The warnings only show if I create an object of one of my classes (which happens to contain SOAP::WSDL so it has a lot of stuff in it). I'm not sure why those are redefine warnings. If %INC is empty, how can it know stuff is being redefined?


Update:

It seems you actually can create a lexical my %INC.

use strict; use warnings; use Data::Dumper;
print Dumper \%INC;
{
  my %INC = ('asdf' => 'asdf');
  print Dumper \%INC;
}
print Dumper \%INC;

Produces (snipped):

          'feature.pm' => 'C:/Perl/lib/feature.pm'
        };
$VAR1 = {
          'asdf' => 'asdf'
        };
$VAR1 = {
          'warnings/register.pm' => 'C:/Perl/lib/warnings/register.pm',

The problem in my case does not seem to be the my %INC, but rather the %INC = &sub_that_has_my_percent_INC_and_returns_it() in the script that I actually have to require. Now that, in turn, also has use vars qw(%INC). Replacing it... well, I'm not sure what that is going to break.

Était-ce utile?

La solution

The global variable %INC (or %main::INC or %::INC) is a completely different variable from the lexically scoped %INC, created with my. You can safely use my %INC in your subroutine.

Autres conseils

Defining lexicaly scoped my %INC is possible, but this variable have absolutely no special meaning. Perl only considers global %INC when working with module system.

Your problem is elsewhere

Just to entertain you with examples, given:

Aaa.pm

package Aaa;
warn "Aaa loaded!";

1;

inc.pl

use strict;
use warnings;
use Data::Dumper;

use Aaa;
require Aaa;
warn 1, Dumper \%INC;
{
    my %INC;
    use Aaa;
    require Aaa;
    warn 2, Dumper \%INC;
}
warn 3, Dumper \%INC;
my %INC;
use Aaa;
require Aaa;

sub again {
    my %INC;
    require Aaa;
    warn 4, Dumper \%INC;
}

again();
warn 5, Dumper \%INC;

You will only see global %INC in 1 and 3, without whatever changes to lexical ones and Aaa.pm will still be loaded exactly once.

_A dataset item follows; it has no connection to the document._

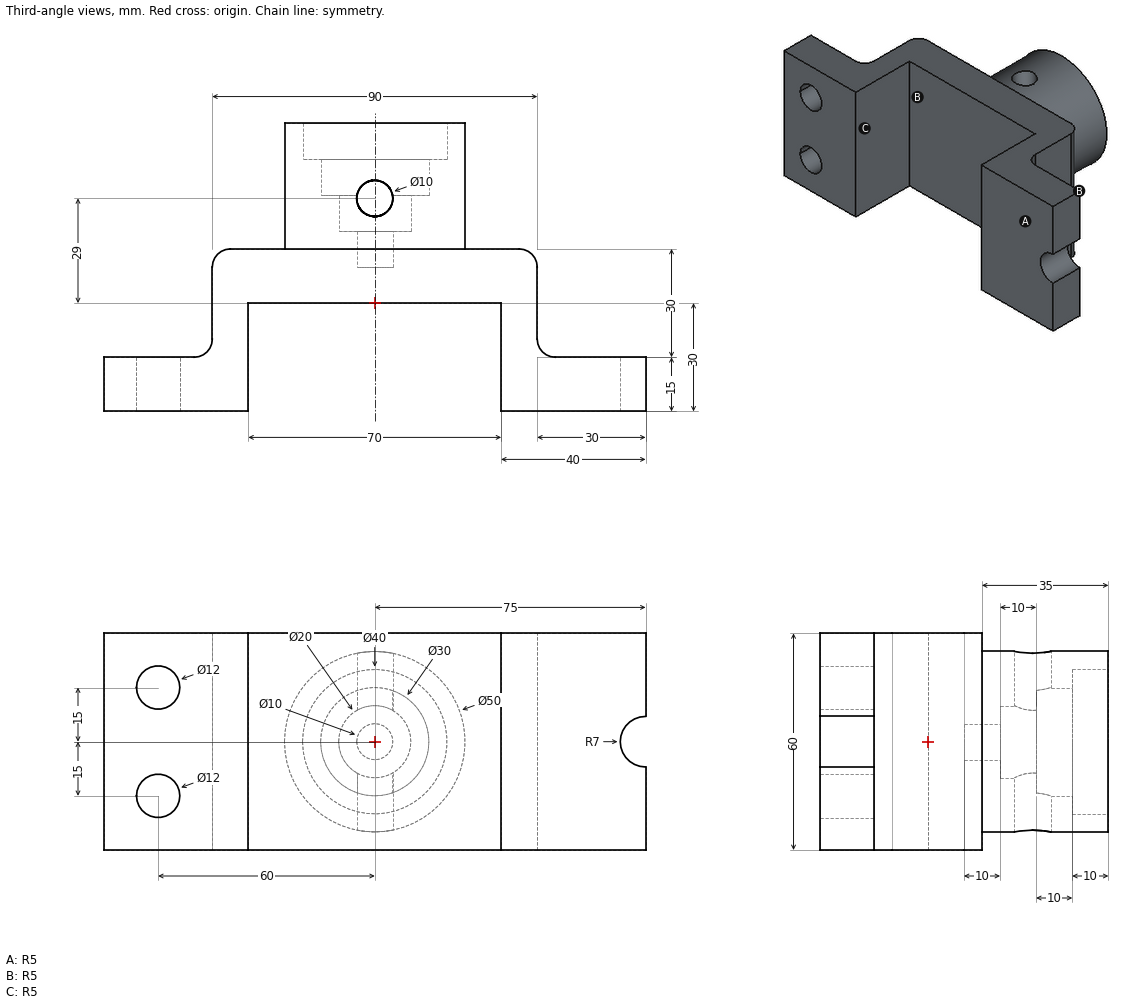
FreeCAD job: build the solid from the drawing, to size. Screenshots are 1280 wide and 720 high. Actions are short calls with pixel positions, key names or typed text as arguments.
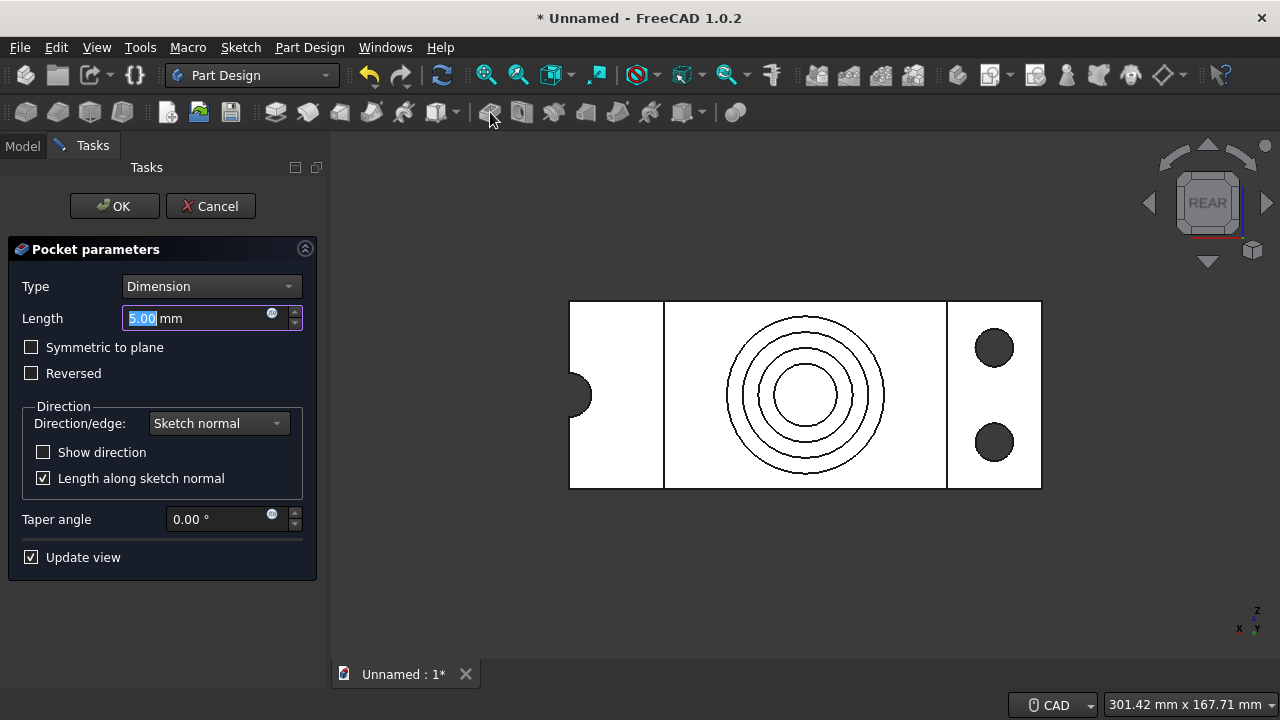
text(10)
key(Tab)

perldoc vars says that the vars pragma has been superseded by the our keyword.

Following the documentation's advice seems to work for me:

package Incentives;

use strict;
use warnings;
use Data::Dump 'dump';

our %INC = ( abc => 123 );

dump \%INC;                   # ( abc => 123 ),
                              # different under use vars '%INC';

use List::Util;               # Loads just fine

package Test;

use Data::Dump 'dump';

dump \%Incentives::INC;       # ( abc => 123 )
dump \%main::INC;             # reference to global %INC

1;

You'll have problems if you touch the global package variable %INC, but you can create all the lexicals named %INC you want and it won't be a problem.

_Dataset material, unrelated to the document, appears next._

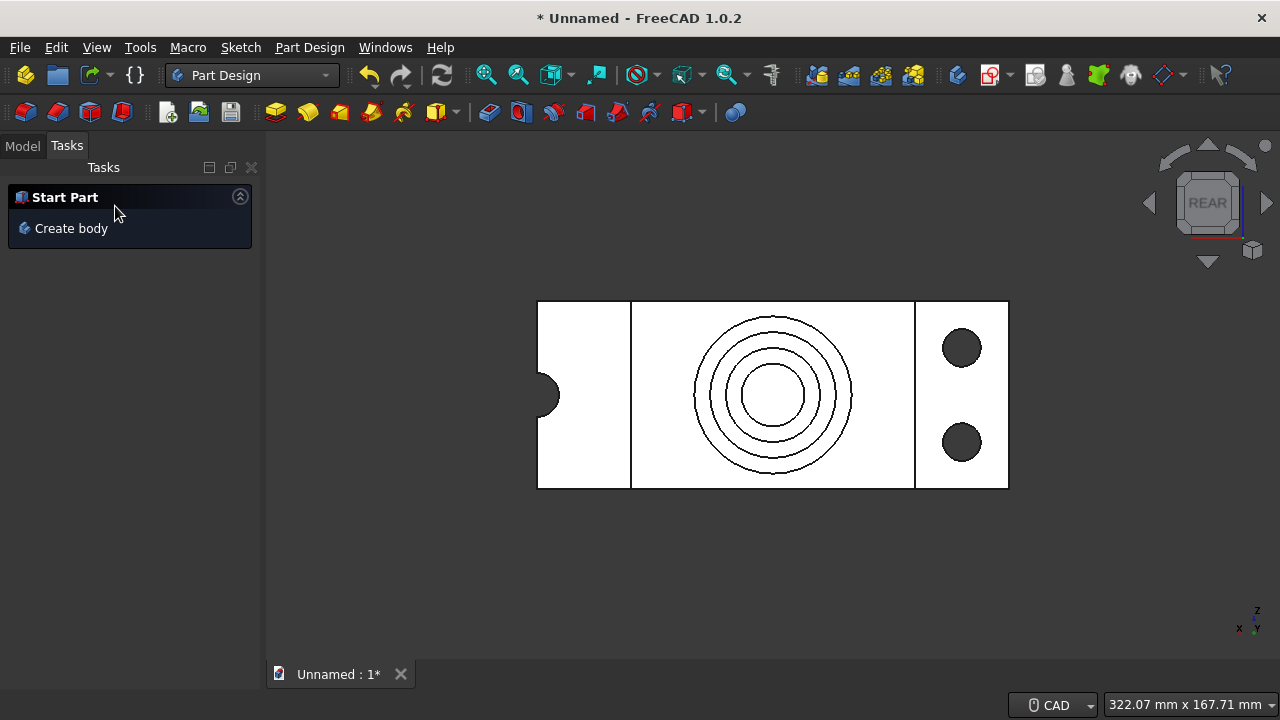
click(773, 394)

$ perl -e'require CGI; my %INC; require CGI;'

$ perl -e'require CGI; local %INC; require CGI;'
Subroutine export_fail redefined at .../Carp.pm line 64.
Subroutine _cgc redefined at .../Carp.pm line 66.
Subroutine longmess redefined at .../Carp.pm line 72.
Subroutine shortmess redefined at .../Carp.pm line 92.
Subroutine croak redefined at .../Carp.pm line 100.
Subroutine confess redefined at .../Carp.pm line 101.
Subroutine carp redefined at .../Carp.pm line 102.
Subroutine cluck redefined at .../Carp.pm line 103.
Constant subroutine Carp::CALLER_OVERRIDE_CHECK_OK redefined at .../Carp.pm line 108.
Subroutine caller_info redefined at .../Carp.pm line 114.
Subroutine format_arg redefined at .../Carp.pm line 181.
Subroutine get_status redefined at .../Carp.pm line 213.
Subroutine get_subname redefined at .../Carp.pm line 222.
Subroutine long_error_loc redefined at .../Carp.pm line 240.
Subroutine longmess_heavy redefined at .../Carp.pm line 268.
Subroutine ret_backtrace redefined at .../Carp.pm line 276.
Subroutine ret_summary redefined at .../Carp.pm line 309.
Subroutine short_error_loc redefined at .../Carp.pm line 324.
Subroutine shortmess_heavy redefined at .../Carp.pm line 348.
Subroutine str_len_trim redefined at .../Carp.pm line 361.
Subroutine trusts redefined at .../Carp.pm line 376.
Subroutine trusts_directly redefined at .../Carp.pm line 396.
Constant subroutine CGI::XHTML_DTD redefined at .../constant.pm line 151.
Subroutine _ops_to_nums redefined at .../overloading.pm line 10.
Subroutine import redefined at .../overloading.pm line 19.
Subroutine unimport redefined at .../overloading.pm line 37.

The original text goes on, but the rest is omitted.